PREFACE: HOW TO READ THIS BOOK

If I were to ask you whether you thought a book about climate change is a good idea, I expect that you would say, “Of course!” “But,” you might ask. “Why a website? Who on earth would ever read a book-length website?”

Of course, I can think of nobody who would read a book-length website. My readers (my audience) will be looking for the answers to the question, “What can I do?” . . . and that is the point of this book: to answer that question. Unfortunately, the answer to that question is different for all of us. We are each following different paths, and we will each pick a different path into a sustainable future. This book embraces that truth and explores and describes a huge variety of paths.

Moreover, there is nothing stationary about climate change. Conditions, paths, and processes are in a constant state of change, and a book dealing with these topics must, necessarily change with them. Only hypertexts are able to quickly make changes over time, and only a hypermedia book is sufficiently expansive to handle the complexities of simulations, animations, and real-time communication. And that brings us to the World Wide Web, the only place capable of hosting such a book and making it publicly available to everyone. And if you cannot find your answer here, there is a blog where you can ask questions and get answers from a group of researchers.

What you will find in this book

This book is made up of “paths,” and only some of them will apply to you. Maybe you are a college student on a very tight budget, and you live in a dorm. You would love to have a battery-powered EV (BEV), but your university has only one charging station, and the next nearest one is at a local mall, ten miles away. Worse, BEVs tend to be new or new-use and expensive. If you can buy an EV, it might be that the best you can do is an old, used Prius. Or worse, maybe you are driving your dad’s old pickup, and that is all you are going to drive until you get through school, get a job, and make some money. This is great! You are one of those rare people who can plan your future. You might get an engineering degree, or business, or construction management, and you might add a sustainability focus to these (or similar) degrees. You can even become certified as a sustainability officer, which would make you valuable for corporations hoping to make themselves more sustainable. Many corporations have whole divisions dedicated to improving their sustainability. In some cases, the pipeline goes up from Sustainability Officer to Director of Sustainability, all the way to Chief Sustainability Officer (CSO) on the Board of Directors in the “C” Suite.

Now, I haven’t been describing a path … I have been describing a whole new collection of related paths that will be opening over the next decade or so … careers of directing corporations into a new and sustainable future.

All of these paths, however, are not restricted to newly minted graduates. My degree was in writing, and through the years, I have been an industrial, institutional, technical, or science writer.
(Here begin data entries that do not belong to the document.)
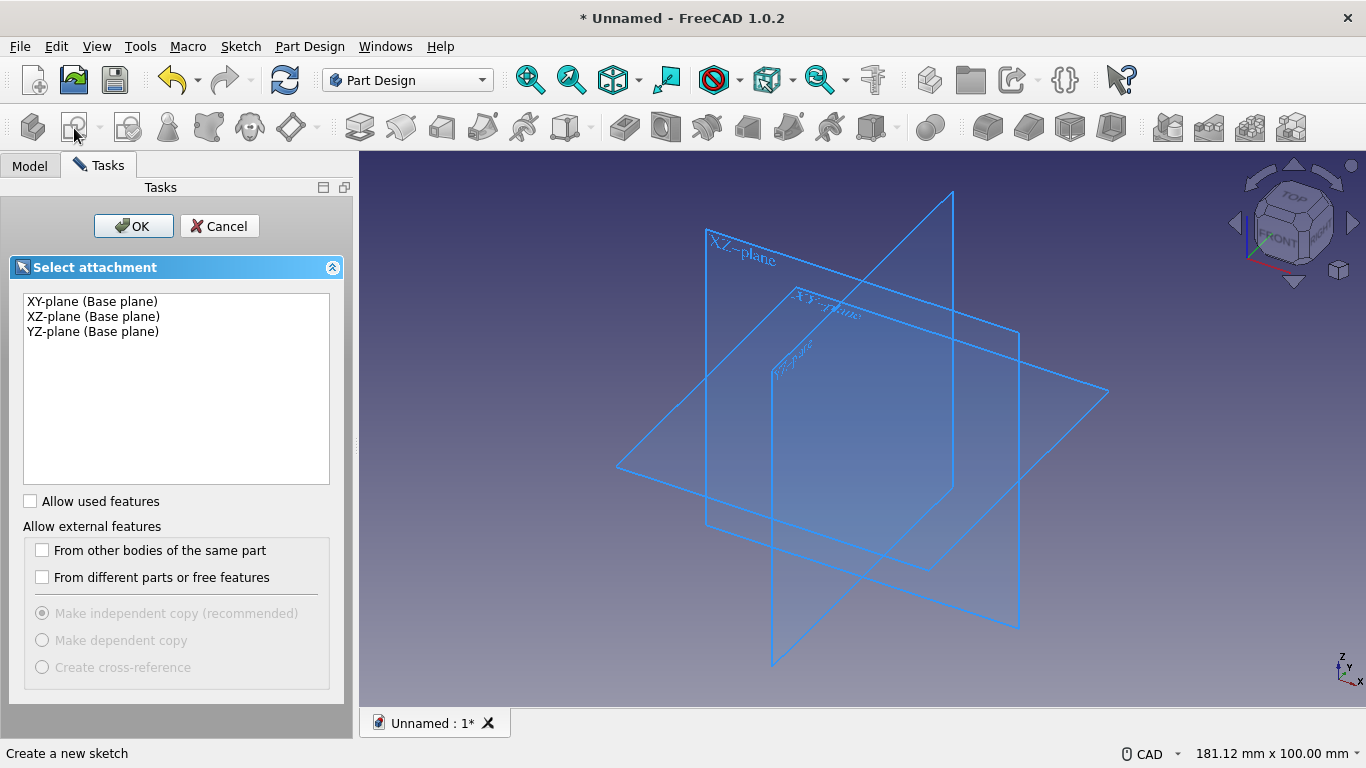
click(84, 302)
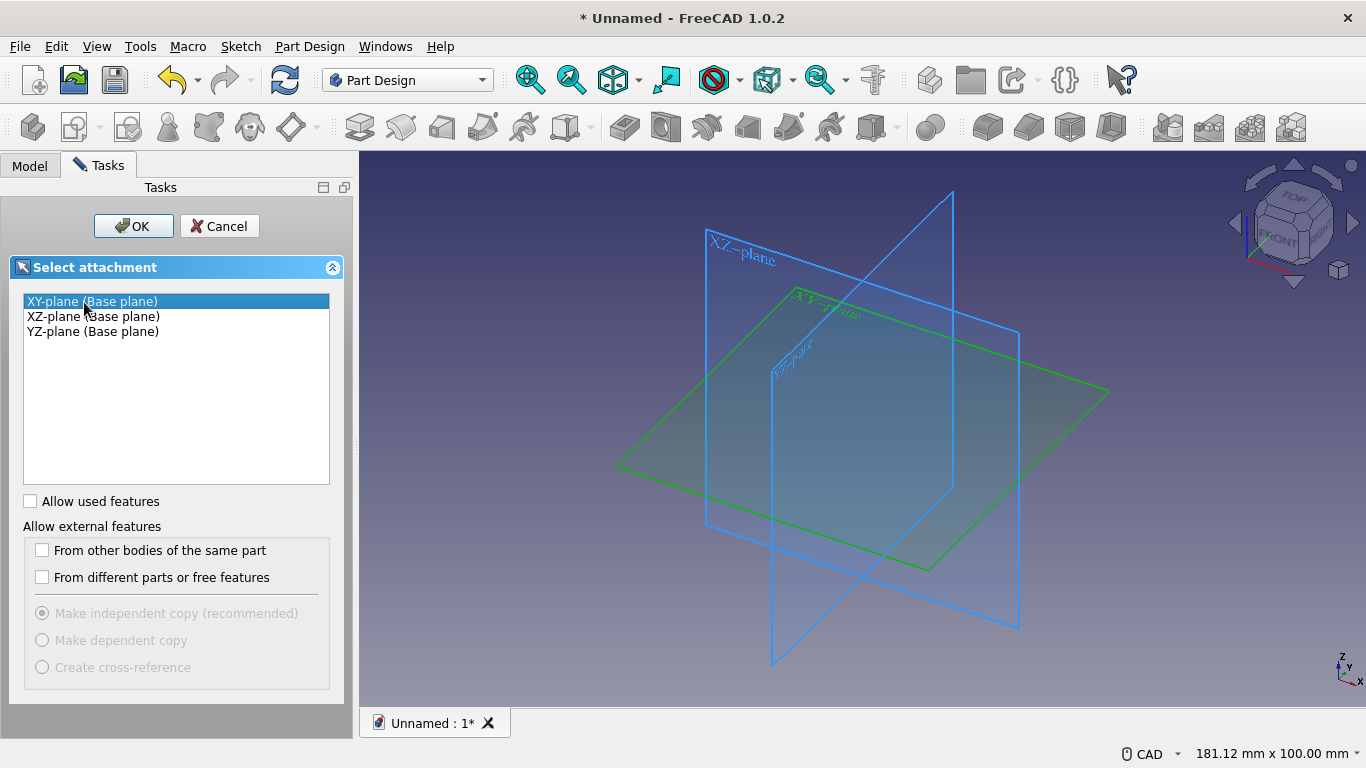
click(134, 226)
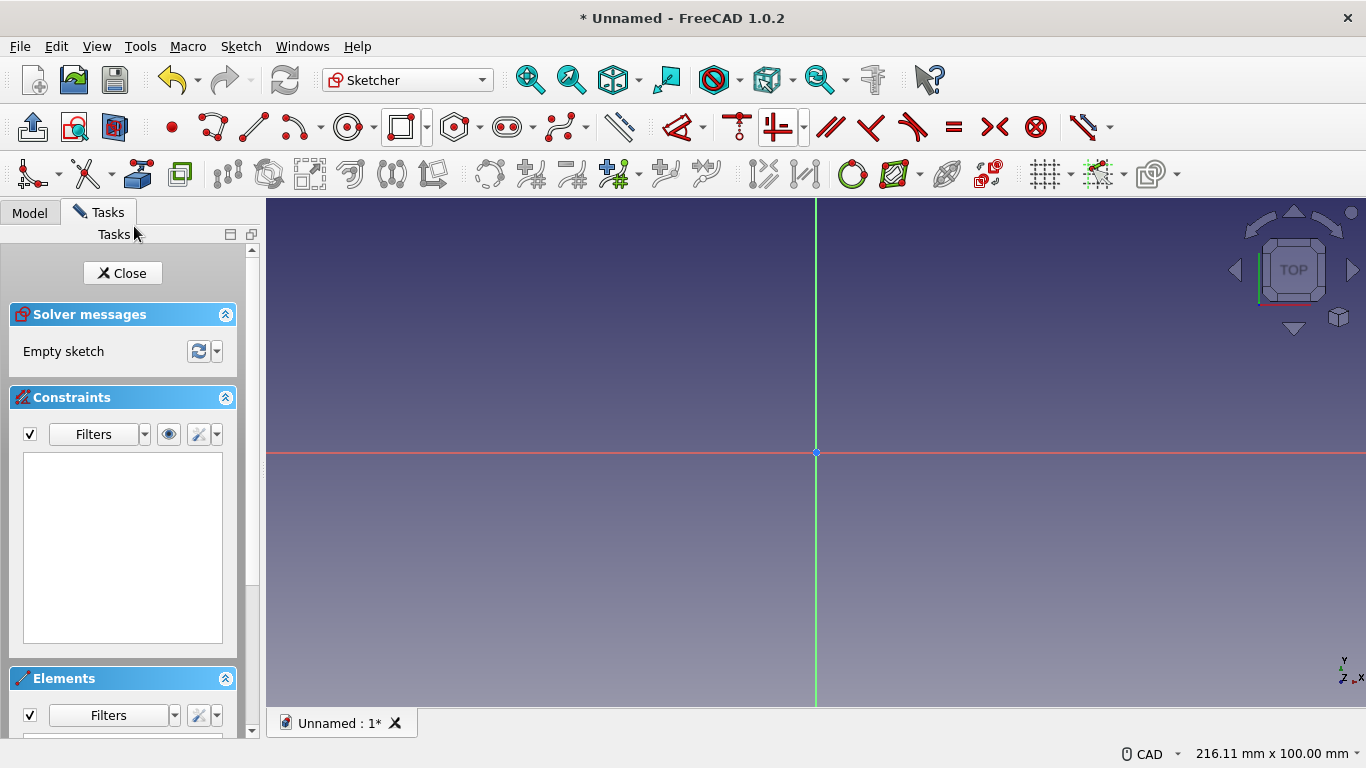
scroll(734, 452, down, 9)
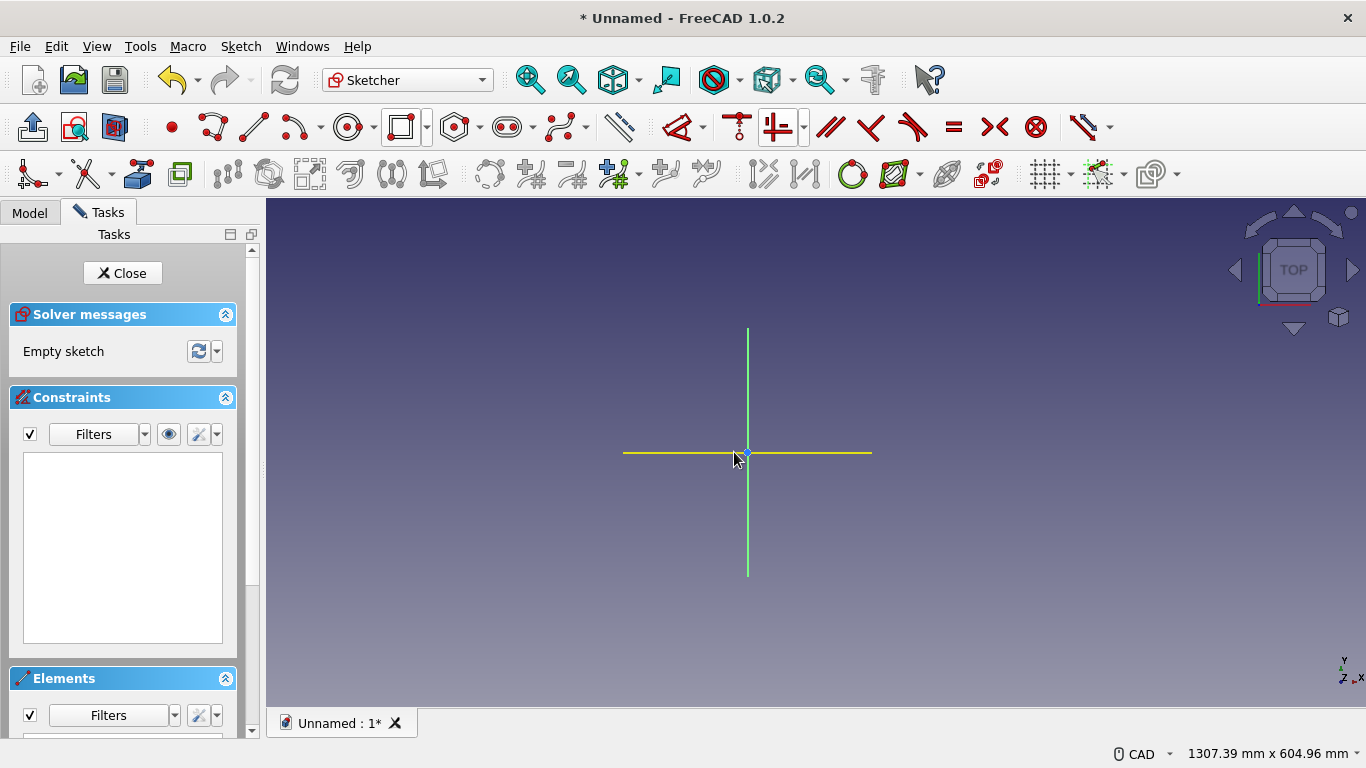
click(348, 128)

At the age of 80, I studied at Massachusetts Institute of Technology for a year, toward becoming a Certified Sustainable Science Writer (you are never too old to upgrade your credentials). The thing about these courses at MIT is there were more than a hundred other students in my cohort, and all of them were mid-career business professionals seeking certification that would allow them to move into an opening sustainability leadership role in their corporations.

So, this book is not about whether you should buy an EV or install solar and batteries. It’s about how you can evolve into a circular lifestyle compatible with the circular economy we will enjoy in the future.